Filter the listing below, keeping only the lines with the word "medium".

*** Opening of Entries shown ***

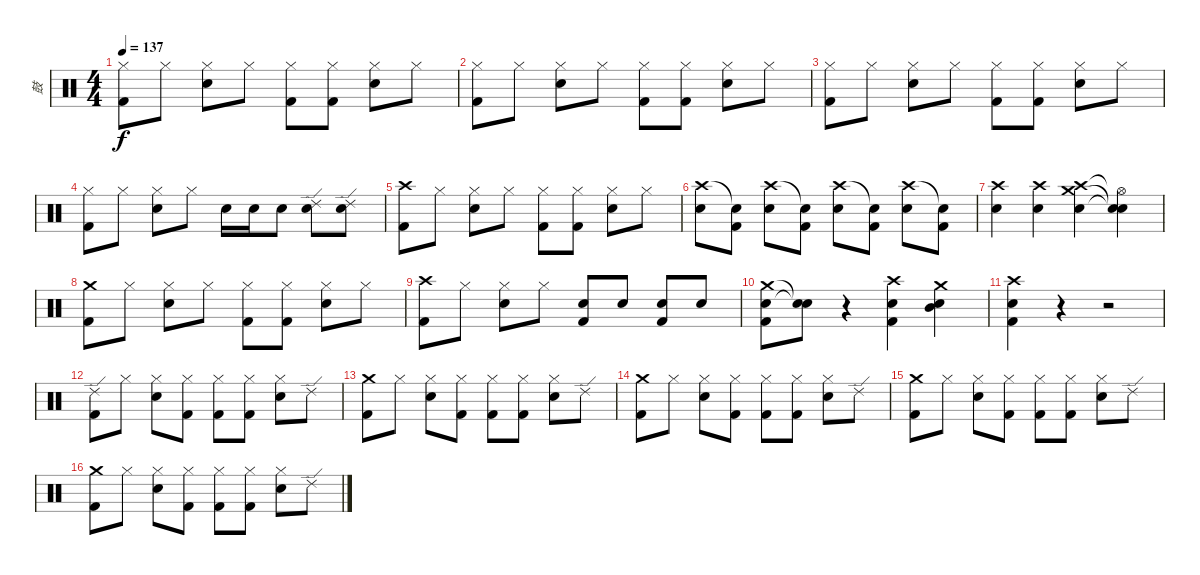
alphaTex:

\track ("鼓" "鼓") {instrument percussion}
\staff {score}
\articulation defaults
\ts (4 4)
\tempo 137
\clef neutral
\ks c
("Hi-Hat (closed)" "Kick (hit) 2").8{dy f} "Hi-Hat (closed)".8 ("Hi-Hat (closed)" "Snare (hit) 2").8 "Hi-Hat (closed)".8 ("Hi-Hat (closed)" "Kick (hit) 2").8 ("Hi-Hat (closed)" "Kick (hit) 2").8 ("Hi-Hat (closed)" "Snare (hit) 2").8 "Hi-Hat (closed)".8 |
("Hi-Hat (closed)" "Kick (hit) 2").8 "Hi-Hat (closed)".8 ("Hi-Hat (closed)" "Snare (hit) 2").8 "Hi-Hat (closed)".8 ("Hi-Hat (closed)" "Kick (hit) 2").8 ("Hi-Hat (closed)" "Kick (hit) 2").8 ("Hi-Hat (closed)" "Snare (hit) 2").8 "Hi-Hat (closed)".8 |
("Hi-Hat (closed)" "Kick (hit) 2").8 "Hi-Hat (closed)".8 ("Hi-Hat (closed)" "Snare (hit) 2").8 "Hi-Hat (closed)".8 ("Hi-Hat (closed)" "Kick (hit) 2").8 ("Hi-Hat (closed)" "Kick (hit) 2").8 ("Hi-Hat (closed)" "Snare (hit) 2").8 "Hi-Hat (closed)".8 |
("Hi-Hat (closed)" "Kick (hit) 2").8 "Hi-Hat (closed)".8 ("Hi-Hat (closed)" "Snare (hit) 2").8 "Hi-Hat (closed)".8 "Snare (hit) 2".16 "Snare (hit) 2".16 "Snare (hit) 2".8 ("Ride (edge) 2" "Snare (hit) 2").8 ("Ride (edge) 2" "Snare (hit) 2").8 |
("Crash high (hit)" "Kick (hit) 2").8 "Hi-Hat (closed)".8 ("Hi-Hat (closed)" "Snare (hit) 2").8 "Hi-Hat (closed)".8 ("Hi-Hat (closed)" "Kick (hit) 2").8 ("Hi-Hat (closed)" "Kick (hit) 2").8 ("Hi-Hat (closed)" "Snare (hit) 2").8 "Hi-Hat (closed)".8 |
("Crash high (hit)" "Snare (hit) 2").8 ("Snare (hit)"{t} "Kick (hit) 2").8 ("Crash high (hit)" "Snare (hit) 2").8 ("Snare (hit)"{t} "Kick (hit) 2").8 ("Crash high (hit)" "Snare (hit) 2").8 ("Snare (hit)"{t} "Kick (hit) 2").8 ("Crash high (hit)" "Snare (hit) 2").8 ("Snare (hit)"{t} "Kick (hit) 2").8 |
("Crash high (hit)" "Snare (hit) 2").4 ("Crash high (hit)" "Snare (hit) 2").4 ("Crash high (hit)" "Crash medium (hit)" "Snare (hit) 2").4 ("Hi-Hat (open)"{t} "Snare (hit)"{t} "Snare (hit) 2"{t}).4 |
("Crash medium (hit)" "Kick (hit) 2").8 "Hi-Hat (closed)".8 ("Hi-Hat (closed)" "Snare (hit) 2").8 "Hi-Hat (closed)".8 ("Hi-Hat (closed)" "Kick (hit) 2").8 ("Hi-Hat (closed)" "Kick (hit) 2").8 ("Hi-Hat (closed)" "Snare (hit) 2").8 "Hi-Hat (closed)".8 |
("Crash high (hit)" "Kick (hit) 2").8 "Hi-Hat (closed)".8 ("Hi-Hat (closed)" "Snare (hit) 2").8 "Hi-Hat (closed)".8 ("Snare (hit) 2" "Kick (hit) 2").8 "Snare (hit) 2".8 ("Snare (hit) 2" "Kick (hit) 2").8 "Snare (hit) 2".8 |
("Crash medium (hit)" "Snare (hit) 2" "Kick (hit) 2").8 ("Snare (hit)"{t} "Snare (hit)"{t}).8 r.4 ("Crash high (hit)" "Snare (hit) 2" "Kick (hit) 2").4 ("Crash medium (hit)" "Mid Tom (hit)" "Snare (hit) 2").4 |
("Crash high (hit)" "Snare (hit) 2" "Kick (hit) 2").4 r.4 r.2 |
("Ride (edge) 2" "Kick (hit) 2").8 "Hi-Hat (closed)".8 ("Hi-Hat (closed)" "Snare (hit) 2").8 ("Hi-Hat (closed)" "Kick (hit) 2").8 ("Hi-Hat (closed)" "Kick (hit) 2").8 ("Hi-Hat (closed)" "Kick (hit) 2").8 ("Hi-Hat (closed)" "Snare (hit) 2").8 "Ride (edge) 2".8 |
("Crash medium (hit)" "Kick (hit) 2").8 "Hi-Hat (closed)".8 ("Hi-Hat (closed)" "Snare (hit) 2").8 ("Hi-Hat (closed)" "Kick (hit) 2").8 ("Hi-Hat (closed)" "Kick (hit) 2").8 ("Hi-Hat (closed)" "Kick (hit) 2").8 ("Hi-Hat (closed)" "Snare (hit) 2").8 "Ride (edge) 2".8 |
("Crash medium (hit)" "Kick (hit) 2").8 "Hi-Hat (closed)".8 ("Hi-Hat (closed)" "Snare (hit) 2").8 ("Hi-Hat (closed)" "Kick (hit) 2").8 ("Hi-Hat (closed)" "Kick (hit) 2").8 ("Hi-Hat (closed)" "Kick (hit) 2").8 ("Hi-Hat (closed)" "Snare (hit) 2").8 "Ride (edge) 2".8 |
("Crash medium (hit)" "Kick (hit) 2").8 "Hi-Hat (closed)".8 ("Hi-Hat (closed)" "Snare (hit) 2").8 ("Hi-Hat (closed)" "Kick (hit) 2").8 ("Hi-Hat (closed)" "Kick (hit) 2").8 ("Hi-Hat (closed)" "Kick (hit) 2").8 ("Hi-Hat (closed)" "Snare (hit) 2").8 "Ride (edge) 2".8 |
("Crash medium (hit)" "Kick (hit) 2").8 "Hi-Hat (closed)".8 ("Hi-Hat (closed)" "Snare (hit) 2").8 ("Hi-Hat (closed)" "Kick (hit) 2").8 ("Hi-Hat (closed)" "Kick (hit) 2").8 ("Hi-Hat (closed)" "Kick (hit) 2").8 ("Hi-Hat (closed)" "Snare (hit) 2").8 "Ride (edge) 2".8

*** Close of Entries shown ***

### [Result]
("Crash high (hit)" "Snare (hit) 2").4 ("Crash high (hit)" "Snare (hit) 2").4 ("Crash high (hit)" "Crash medium (hit)" "Snare (hit) 2").4 ("Hi-Hat (open)"{t} "Snare (hit)"{t} "Snare (hit) 2"{t}).4 |
("Crash medium (hit)" "Kick (hit) 2").8 "Hi-Hat (closed)".8 ("Hi-Hat (closed)" "Snare (hit) 2").8 "Hi-Hat (closed)".8 ("Hi-Hat (closed)" "Kick (hit) 2").8 ("Hi-Hat (closed)" "Kick (hit) 2").8 ("Hi-Hat (closed)" "Snare (hit) 2").8 "Hi-Hat (closed)".8 |
("Crash medium (hit)" "Snare (hit) 2" "Kick (hit) 2").8 ("Snare (hit)"{t} "Snare (hit)"{t}).8 r.4 ("Crash high (hit)" "Snare (hit) 2" "Kick (hit) 2").4 ("Crash medium (hit)" "Mid Tom (hit)" "Snare (hit) 2").4 |
("Crash medium (hit)" "Kick (hit) 2").8 "Hi-Hat (closed)".8 ("Hi-Hat (closed)" "Snare (hit) 2").8 ("Hi-Hat (closed)" "Kick (hit) 2").8 ("Hi-Hat (closed)" "Kick (hit) 2").8 ("Hi-Hat (closed)" "Kick (hit) 2").8 ("Hi-Hat (closed)" "Snare (hit) 2").8 "Ride (edge) 2".8 |
("Crash medium (hit)" "Kick (hit) 2").8 "Hi-Hat (closed)".8 ("Hi-Hat (closed)" "Snare (hit) 2").8 ("Hi-Hat (closed)" "Kick (hit) 2").8 ("Hi-Hat (closed)" "Kick (hit) 2").8 ("Hi-Hat (closed)" "Kick (hit) 2").8 ("Hi-Hat (closed)" "Snare (hit) 2").8 "Ride (edge) 2".8 |
("Crash medium (hit)" "Kick (hit) 2").8 "Hi-Hat (closed)".8 ("Hi-Hat (closed)" "Snare (hit) 2").8 ("Hi-Hat (closed)" "Kick (hit) 2").8 ("Hi-Hat (closed)" "Kick (hit) 2").8 ("Hi-Hat (closed)" "Kick (hit) 2").8 ("Hi-Hat (closed)" "Snare (hit) 2").8 "Ride (edge) 2".8 |
("Crash medium (hit)" "Kick (hit) 2").8 "Hi-Hat (closed)".8 ("Hi-Hat (closed)" "Snare (hit) 2").8 ("Hi-Hat (closed)" "Kick (hit) 2").8 ("Hi-Hat (closed)" "Kick (hit) 2").8 ("Hi-Hat (closed)" "Kick (hit) 2").8 ("Hi-Hat (closed)" "Snare (hit) 2").8 "Ride (edge) 2".8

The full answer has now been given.